I citati “prestanome” erano tutti “scelti” tra i dipendenti ed i collaboratori del Gruppo PETRONE; essi erano dunque “costretti” ad accettare gli incarichi conferiti in quanto un loro rifiuto avrebbe potuto comportare la perdita del posto di lavoro, spesso unica fonte di sostentamento familiare.
Il detto sistema illecito consentiva di praticare prezzi altamente concorrenziali per l'ottenimento di commesse (a titolo di subappalto) da parte di società che avevano ottenuto appalti banditi da enti pubblici (tra i quali il Comune di Bari).
Sotto tale ultimo aspetto le investigazioni condotte dagli specialisti del Nucleo di Polizia Tributaria di Bari consentivano di accertare il ricorso da parte degli indagati all’alterazione e falsificazione di documenti pubblici.
In particolare, nel corso di una perquisizione eseguita presso la sede della COSPET S.r.l., veniva rinvenuta carta intestata di uffici pubblici, timbri di funzionari della pubblica amministrazione (Comune di Gravina in Puglia) ed altra documentazione artefatta (certificati di conformità agli originali, certificazioni anagrafiche, autentiche di firme, denunce presentate ad organi di Polizia, modelli CUD, documenti unici di regolarità contributiva).
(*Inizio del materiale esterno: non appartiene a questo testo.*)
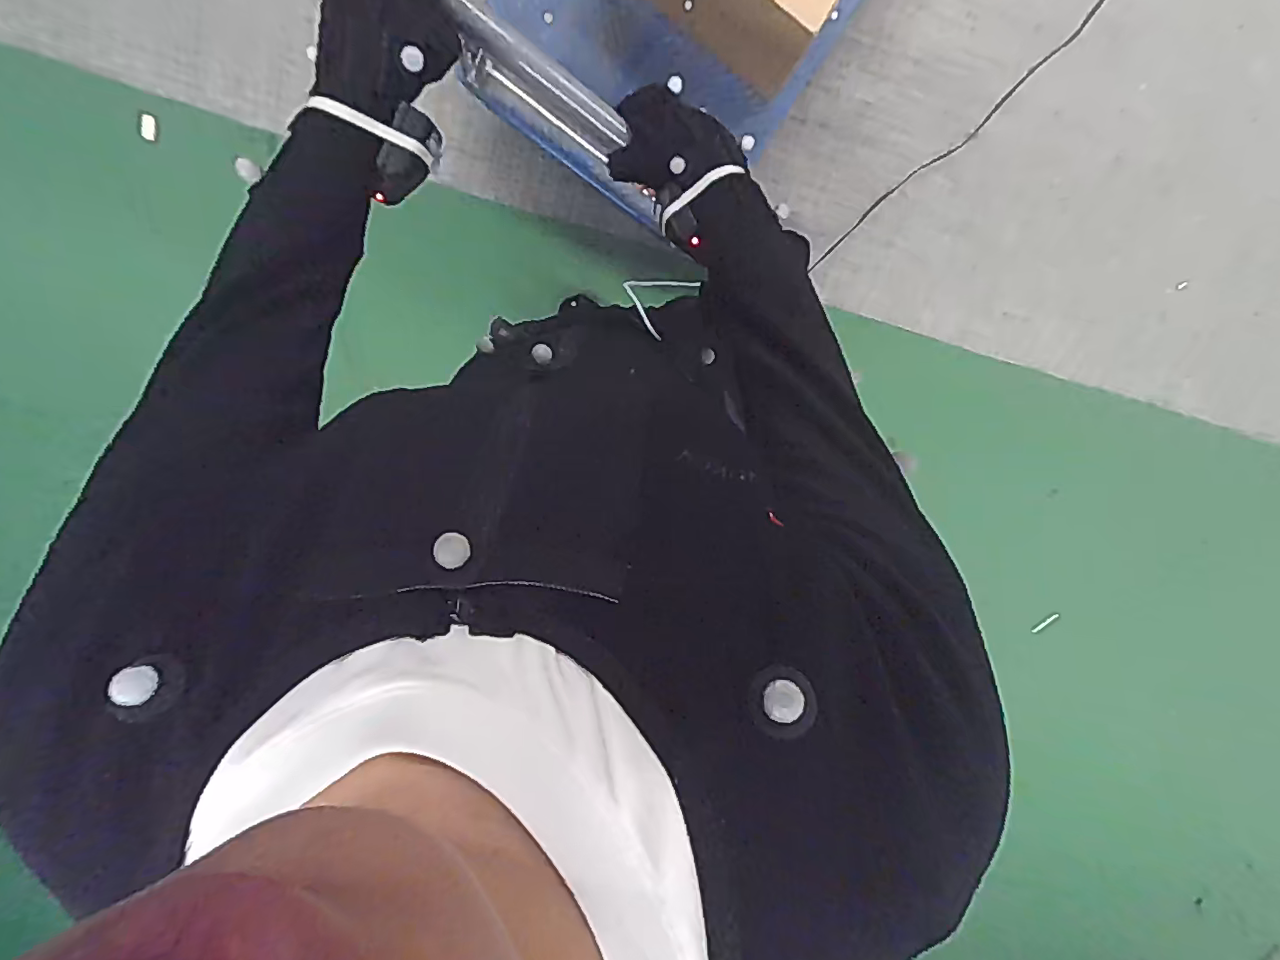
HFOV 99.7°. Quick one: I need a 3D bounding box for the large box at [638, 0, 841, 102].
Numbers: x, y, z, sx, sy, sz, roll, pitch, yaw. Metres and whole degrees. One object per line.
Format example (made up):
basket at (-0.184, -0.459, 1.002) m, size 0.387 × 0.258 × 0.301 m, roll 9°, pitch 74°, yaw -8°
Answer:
large box at (0.172, -0.908, 0.851) m, size 0.408 × 0.320 × 0.320 m, roll 33°, pitch 106°, yaw -9°

L’importo delle fatture per operazioni inesistenti emesse e/o utilizzate dalle società riconducibili al sodalizio criminoso veniva quantificato, complessivamente, in euro 54.186.175,00, pari ad una somma evasa al fisco di circa 5,5 milioni di euro.
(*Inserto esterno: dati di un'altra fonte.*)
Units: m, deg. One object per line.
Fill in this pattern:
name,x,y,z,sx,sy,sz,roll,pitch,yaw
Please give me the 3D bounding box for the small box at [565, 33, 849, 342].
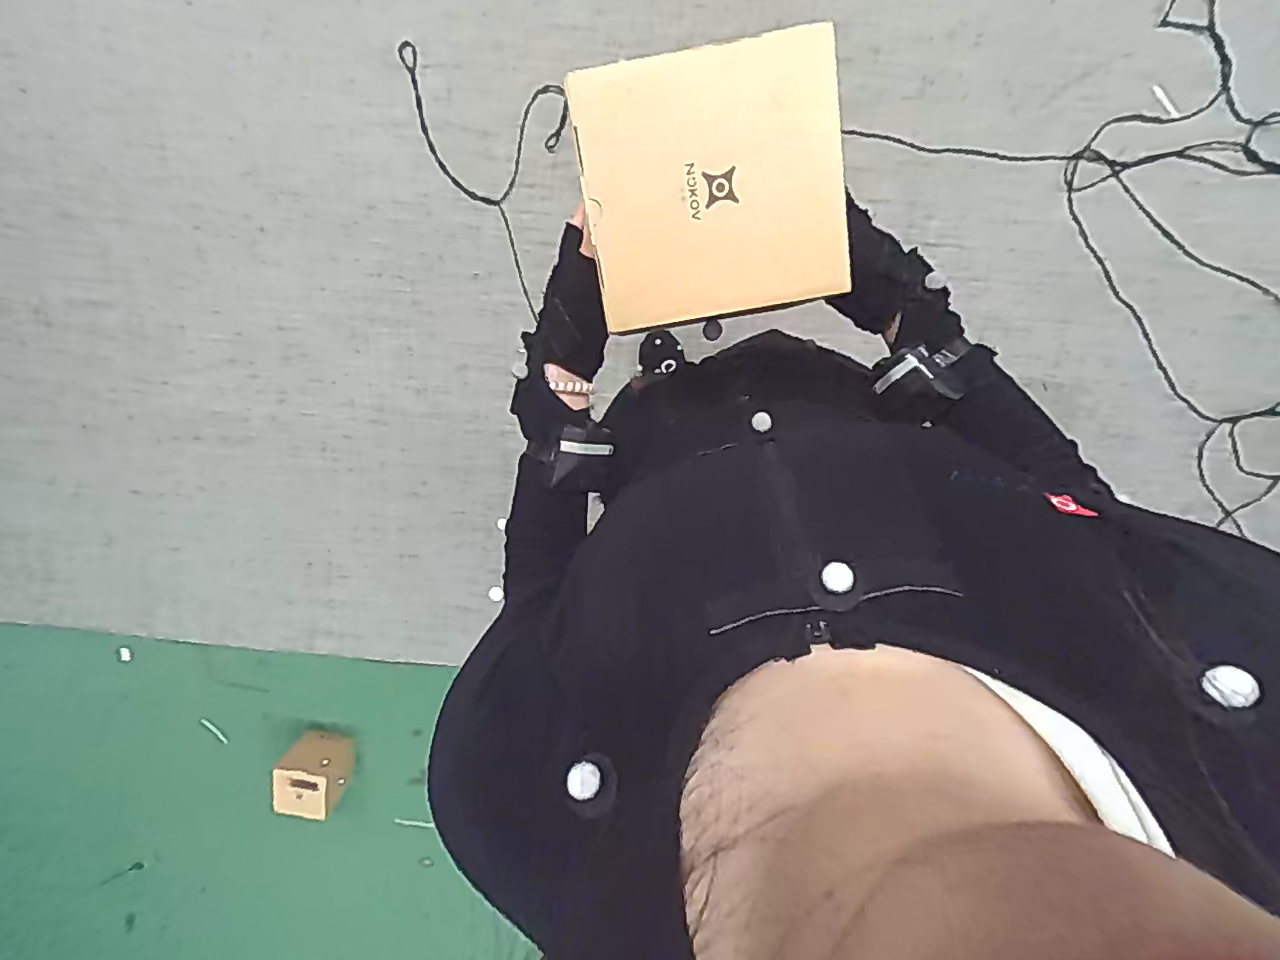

Per tale motivo, l’A.G. barese ha disposto, oltre alle misure di custodia cautelare personali nei confronti dei promotori dell’accertata frode fiscale, anche il sequestro preventivo per equivalente delle somme di denaro e dei beni nella disponibilità degli stessi fino alla concorrenza di circa 5,5 milioni di euro.
Tra i beni sequestrati figurano due fabbricati ed un terreno siti in Gravina in Puglia (BA), un fabbricato sito in Castellaneta Marina (TA), quote societarie di alcune delle persone giuridiche oggetto d’indagine e disponibilità bancarie.